A common geostatistical approach to evaluate data collected at coordinate points are non-parametric smoothing functions to evaluate local variability of a variable in two-dimensional coordinate space. These techniques include generalized additive models (GAM), which can use either local regression estimators or splines, and the closely-related kriging, which uses Gaussian process regression. We used spline-based generalized additive models using the statistical programming language R (www.r-project.org). We chose to use Bayesian estimation methods for their ease in presenting both effect size and uncertainty in the model output.
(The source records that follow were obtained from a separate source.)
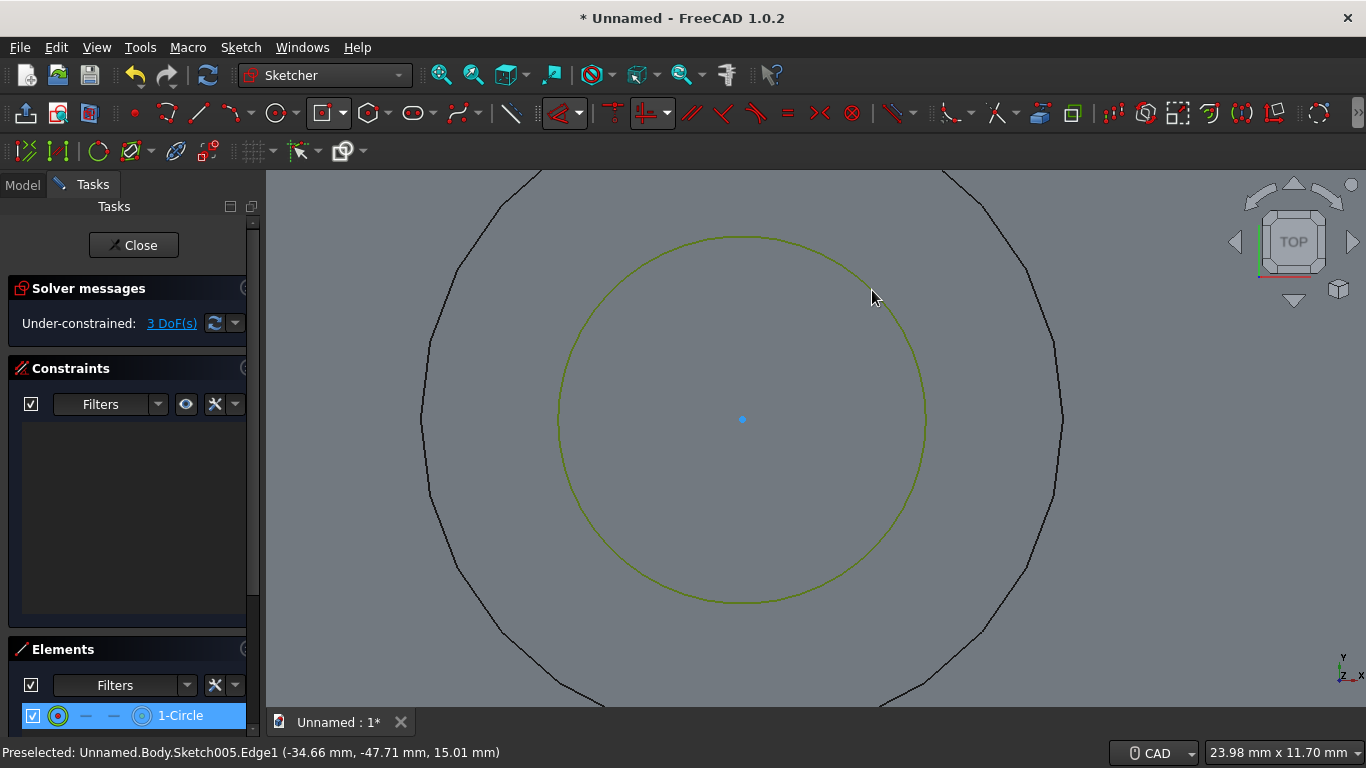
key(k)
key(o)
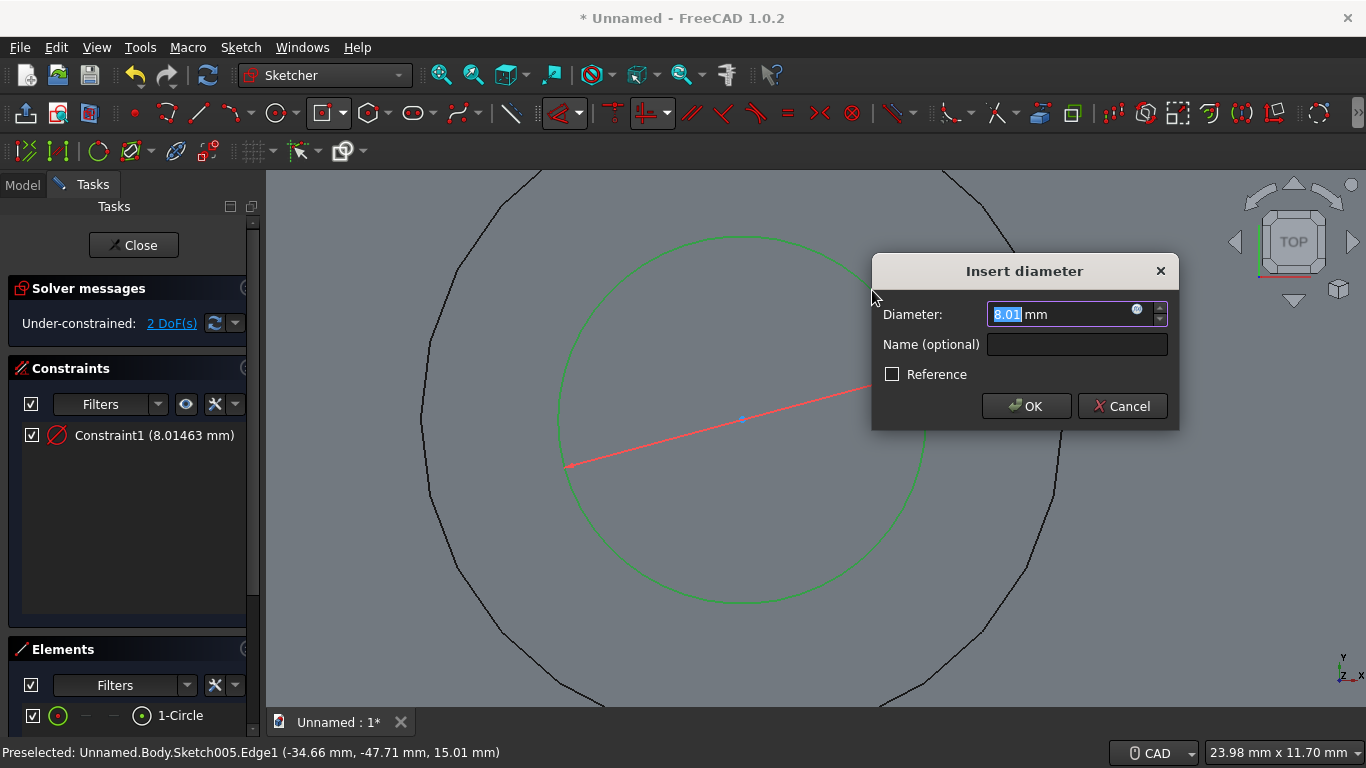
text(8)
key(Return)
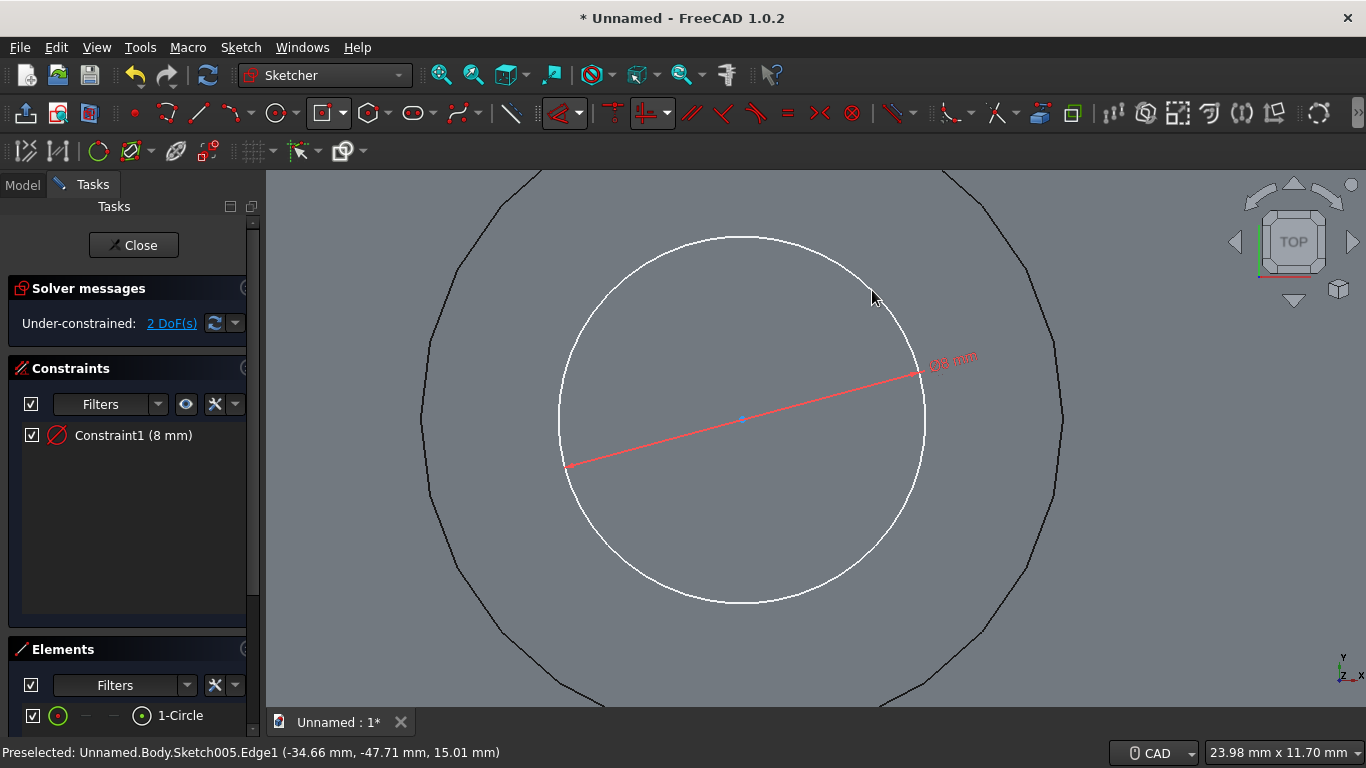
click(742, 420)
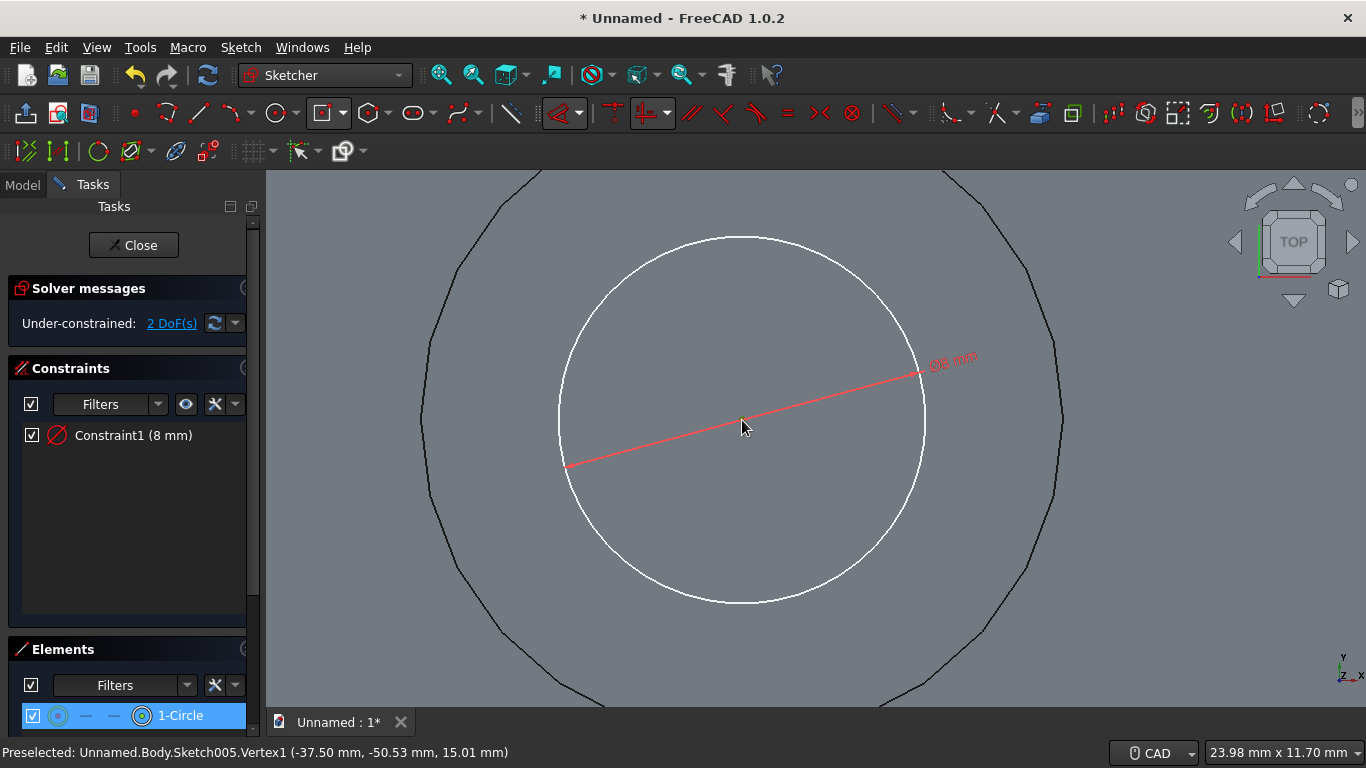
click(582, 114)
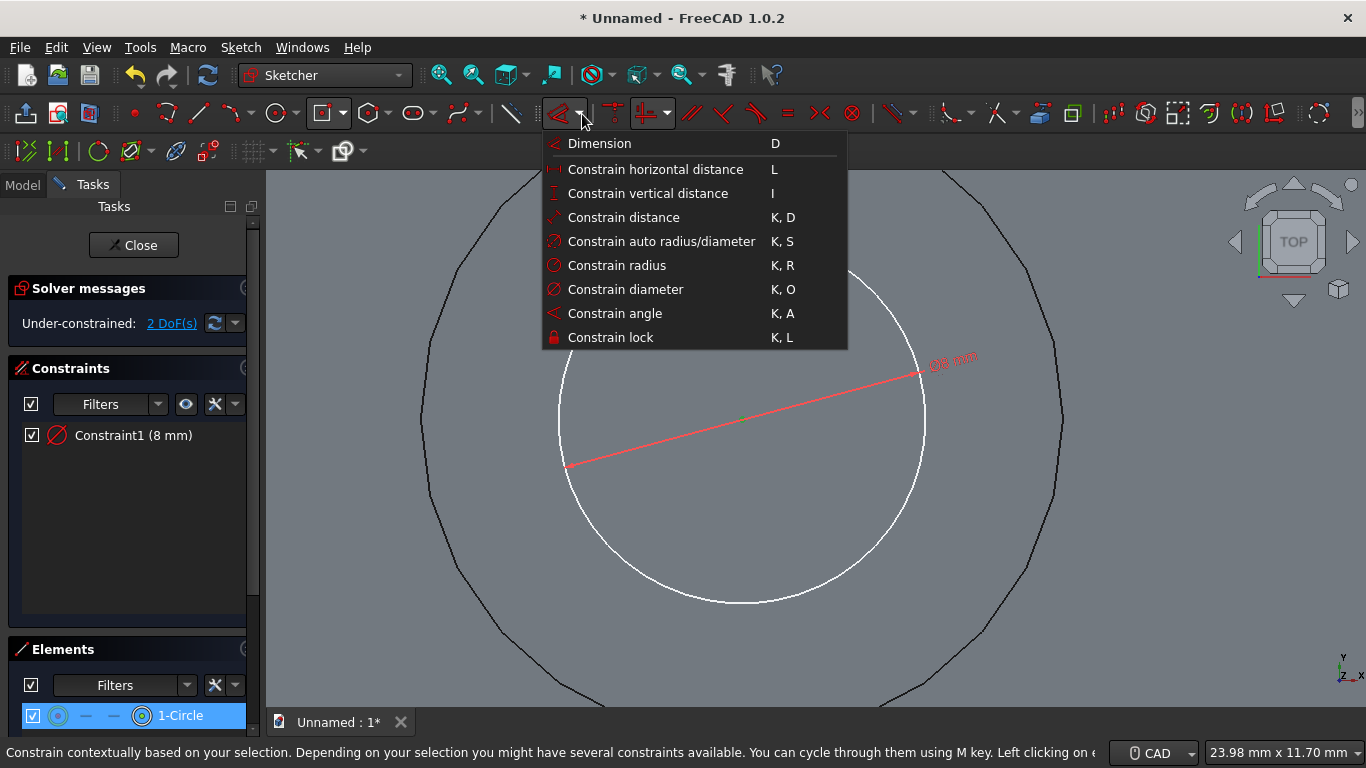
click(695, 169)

To this end we used the R package brms.11 The brms package facilitates the construction of Bayesian regression models, including generalized additive models, which are then transferred to the program Stan (mc-stan.org) for sampling of the posterior distribution.12

We first evaluated the spatial odds of dengue, using a binomial model in which the outcome variable was a dichotomous dengue test result (either positive or negative) and the primary independent predictor variable was a two-dimensional smooth spline of each patient's longitude-latitude coordinate pair.13,14 To incorporate time into our model we included an additional smooth term for the date (as expressed by integer day counting from the first day of subject recruitment). Using this method we were able to model a locally varying relationship between odds of dengue infection, geographical location and time. For patients with confirmed dengue we constructed a second set of models to evaluate spatial variability in the odds of secondary (vs primary) dengue. Finally, we used similar generalized additive models (GAM) models but with a Poisson link function to evaluate spatial variability in the duration of fever prior to clinical presentation. For all linear predictors and for the model intercepts we specified a normal prior distribution with mean 0 and standard deviation 1.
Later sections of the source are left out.